Forest clearing for the Chinese-funded development has already begun.
Sumatran Orangutan Society

Ambitious but ‘nightmarishly complicated’

The BRI is an ambitious but nightmarishly complicated venture, and far less organised than many believe. The hundreds of road, port, rail, and energy projects will ultimately span some 70 nations across Asia, Africa, Europe and the Pacific region. It will link those nations economically and often geopolitically to China, while catalysing sweeping expansion of land-use and extractive industries, and will have myriad knock-on effects.

Up to 2015, the hundreds of BRI projects were reviewed by the powerful National Development and Reform Commission, which is directly under China’s State Council. Many observers have assumed that the NDRC will help coordinate the projects, but the only real leverage they have is over projects funded by the big Chinese policy banks – the China Development Bank and the Export-Import Bank of China – which they directly control.

China’s Belt & Road Initiative will sweep across some 70 nations in Asia, Africa, Europe and the Pacific region.
Mercator Institute for China Studies

Most big projects – many of which are cross-national – will have a mix of funding from various sources and nations, meaning that no single entity will be in charge or ultimately responsible. An informed colleague in China describes this model as “anarchy”.

Tapanuli Orangutan

The dangerous potential of the BRI becomes apparent when one examines the Tapanuli Orangutan. With fewer than 800 individuals, it is one of the rarest animals on Earth. It survives in just a speck of rainforest, less than a tenth the size of Sydney, that is being eroded by illegal deforestation, logging, and poaching.

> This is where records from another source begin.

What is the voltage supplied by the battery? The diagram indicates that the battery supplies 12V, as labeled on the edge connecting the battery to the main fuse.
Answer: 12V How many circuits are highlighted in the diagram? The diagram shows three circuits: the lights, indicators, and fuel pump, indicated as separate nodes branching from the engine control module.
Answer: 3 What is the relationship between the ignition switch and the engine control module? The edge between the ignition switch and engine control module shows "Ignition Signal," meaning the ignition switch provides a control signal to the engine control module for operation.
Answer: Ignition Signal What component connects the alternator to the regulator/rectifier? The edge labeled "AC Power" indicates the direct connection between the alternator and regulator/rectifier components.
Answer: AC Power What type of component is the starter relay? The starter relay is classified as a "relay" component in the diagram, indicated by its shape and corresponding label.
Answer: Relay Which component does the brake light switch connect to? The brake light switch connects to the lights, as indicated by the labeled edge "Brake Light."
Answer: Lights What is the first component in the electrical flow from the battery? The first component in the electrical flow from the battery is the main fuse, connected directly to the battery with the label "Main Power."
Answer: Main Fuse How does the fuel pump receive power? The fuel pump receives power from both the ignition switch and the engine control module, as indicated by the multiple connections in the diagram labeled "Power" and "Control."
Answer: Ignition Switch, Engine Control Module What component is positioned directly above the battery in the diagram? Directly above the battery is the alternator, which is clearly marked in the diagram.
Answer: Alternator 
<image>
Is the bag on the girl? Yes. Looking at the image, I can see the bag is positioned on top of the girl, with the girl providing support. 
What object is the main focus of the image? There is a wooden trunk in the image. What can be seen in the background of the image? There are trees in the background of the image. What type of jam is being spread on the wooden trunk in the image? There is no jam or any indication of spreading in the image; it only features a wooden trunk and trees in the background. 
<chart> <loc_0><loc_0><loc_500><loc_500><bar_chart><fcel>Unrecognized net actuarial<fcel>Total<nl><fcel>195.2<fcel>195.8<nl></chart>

All of these threats propagate around roads. When a new road appears, the ape usually disappears, along with many other rare species sharing its habitat, such as Hornbills and the endangered Sumatran Tiger.

A Tapanuli Orangutan.
Maxime Aliaga

The most imminent threat to the ape is a US$1.6 billion hydropower project that Sinohydro (China’s state-owned hydroelectric corporation) intends to build with funding from the Bank of China and other Chinese financiers. If the project proceeds as planned, it will flood the heart of the ape’s habitat and crisscross the remainder with many new roads and powerline clearings.

It’s a recipe for ecological Armageddon for one of our closest living relatives. Other major lenders such as the World Bank and Asian Development Bank aren’t touching the project, but that isn’t slowing down China’s developers.

What environmental safeguards?

China has produced a small flood of documents describing sustainable lending principles for its banks and broad environmental and social safeguards for the BRI, but I believe many of these documents are mere paper tigers or “greenwashing” designed to quell anxieties.

According to insiders, a heated debate in Beijing right now revolves around eco-safeguards for the BRI. Big corporations (with international ambitions and assets that overseas courts can confiscate) want clear guidelines to minimise their liability. Smaller companies, of which there are many, want the weakest standards possible.

The argument isn’t settled yet, but it’s clear that the Chinese government doesn’t want to exclude its thousands of smaller companies from the potential BRI riches. Most likely, it will do what it has in the past: issue lofty guidelines that a few Chinese companies will attempt to abide by, but that most will ignore.

The Greater Leuser Ecosystem in northern Sumatra is the last place on Earth where Orangutans, Tigers, Elephants and Rhinos still persist together.

Stacked deck

There are three alarming realities about China, of special relevance to the BRI.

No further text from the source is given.